*INPUT RECORDS:*
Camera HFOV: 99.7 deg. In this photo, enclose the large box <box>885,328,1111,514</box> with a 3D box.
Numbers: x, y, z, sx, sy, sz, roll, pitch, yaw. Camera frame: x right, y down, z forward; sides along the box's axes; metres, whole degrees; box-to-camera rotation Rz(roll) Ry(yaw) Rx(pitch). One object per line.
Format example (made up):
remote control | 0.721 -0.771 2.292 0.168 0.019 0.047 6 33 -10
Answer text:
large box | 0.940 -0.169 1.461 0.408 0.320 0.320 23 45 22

* * *

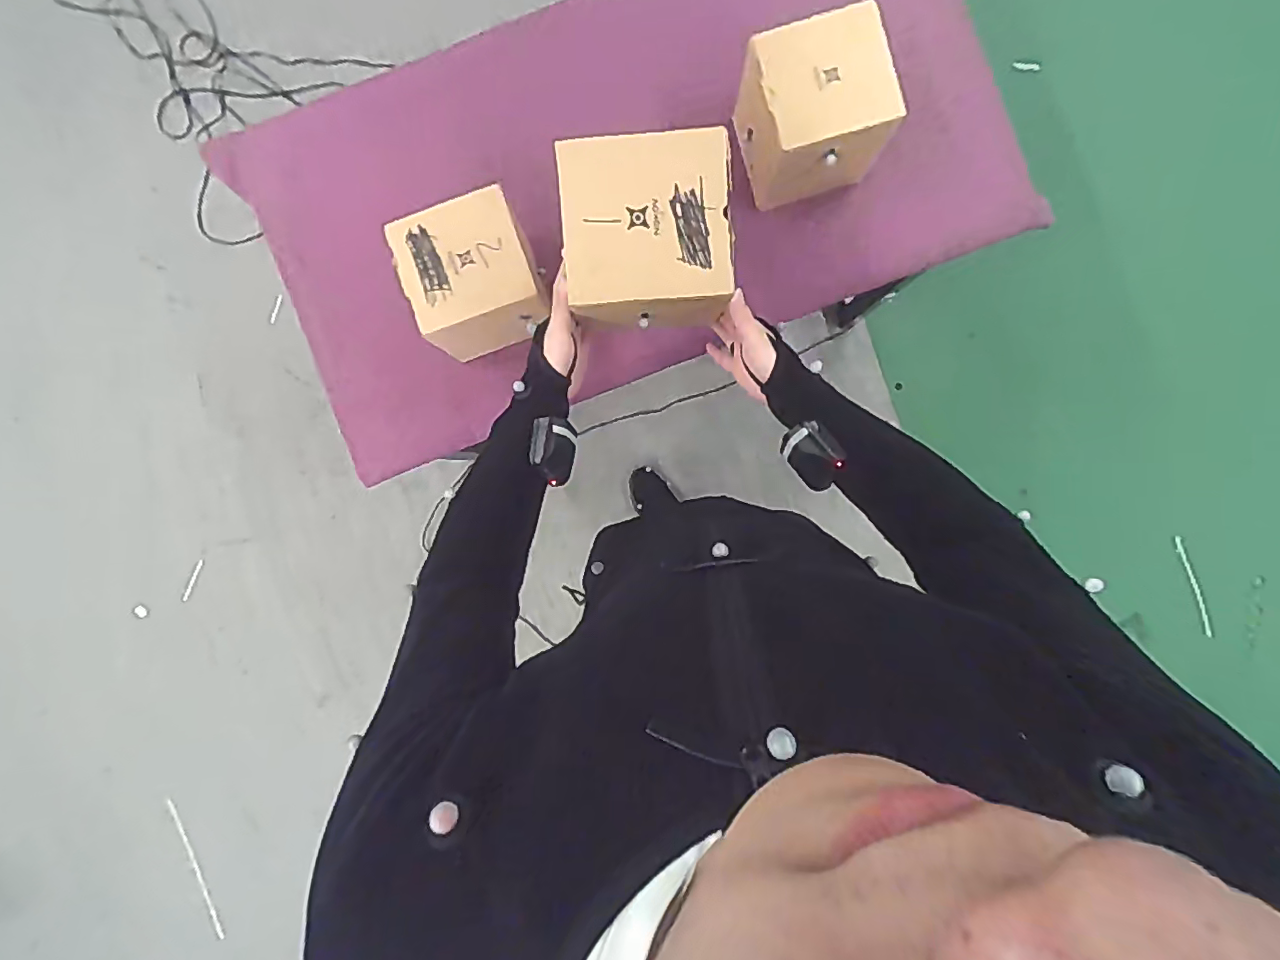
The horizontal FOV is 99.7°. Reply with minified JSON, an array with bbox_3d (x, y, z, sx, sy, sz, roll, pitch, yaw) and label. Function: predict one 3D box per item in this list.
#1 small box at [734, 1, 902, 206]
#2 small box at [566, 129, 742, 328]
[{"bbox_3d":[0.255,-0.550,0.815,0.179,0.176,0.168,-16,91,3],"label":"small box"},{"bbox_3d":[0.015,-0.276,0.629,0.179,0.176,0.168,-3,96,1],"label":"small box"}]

...

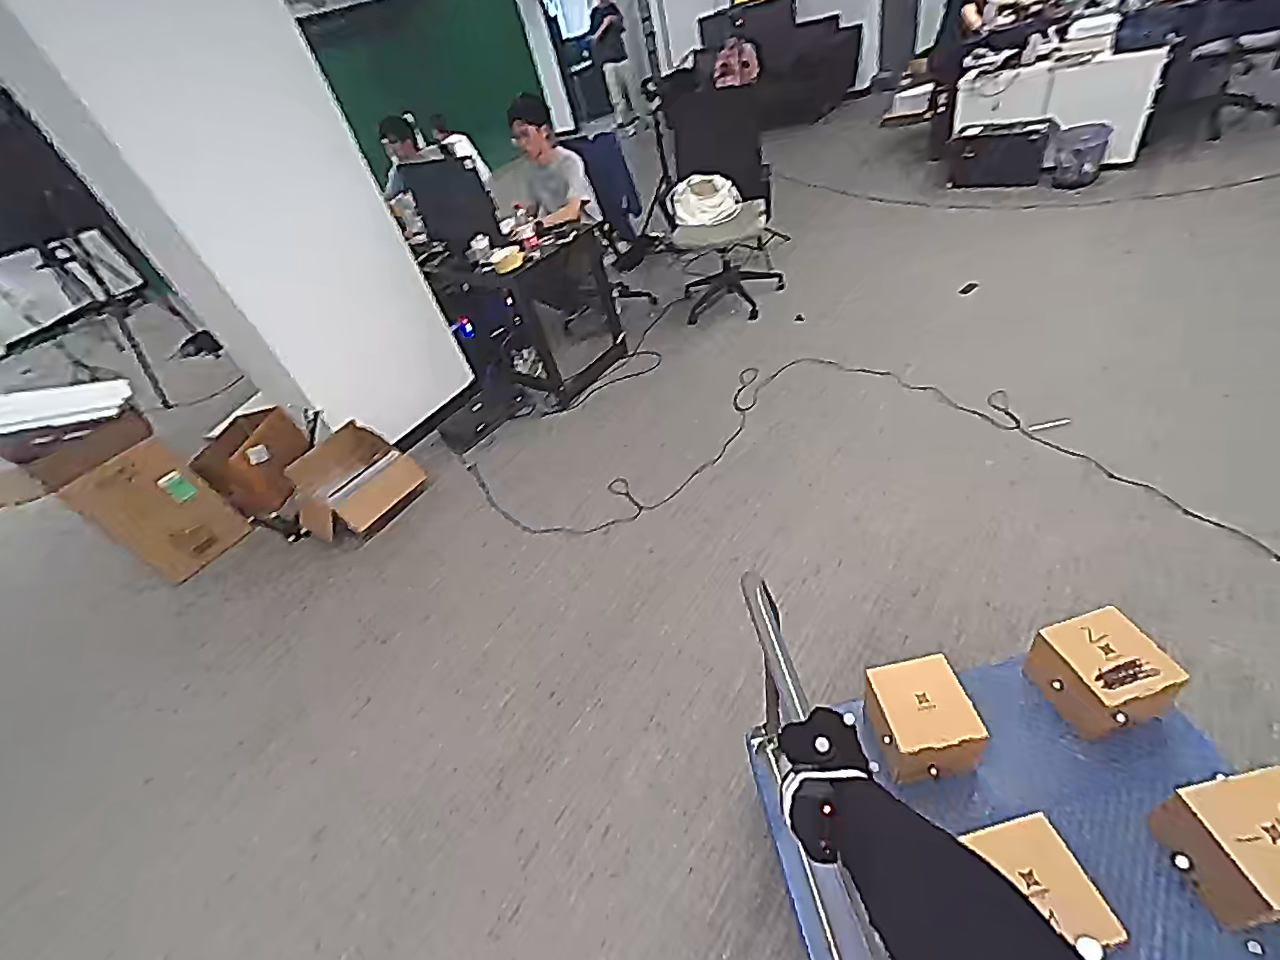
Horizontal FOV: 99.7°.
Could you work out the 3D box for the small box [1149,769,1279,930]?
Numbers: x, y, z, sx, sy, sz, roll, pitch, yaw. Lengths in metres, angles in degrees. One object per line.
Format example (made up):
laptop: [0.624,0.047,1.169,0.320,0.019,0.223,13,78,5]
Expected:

*EXERCISE:*
Provide the number of lines in the data above that contain the string "with", and nothing else.

*TASK RESPONSE:*
2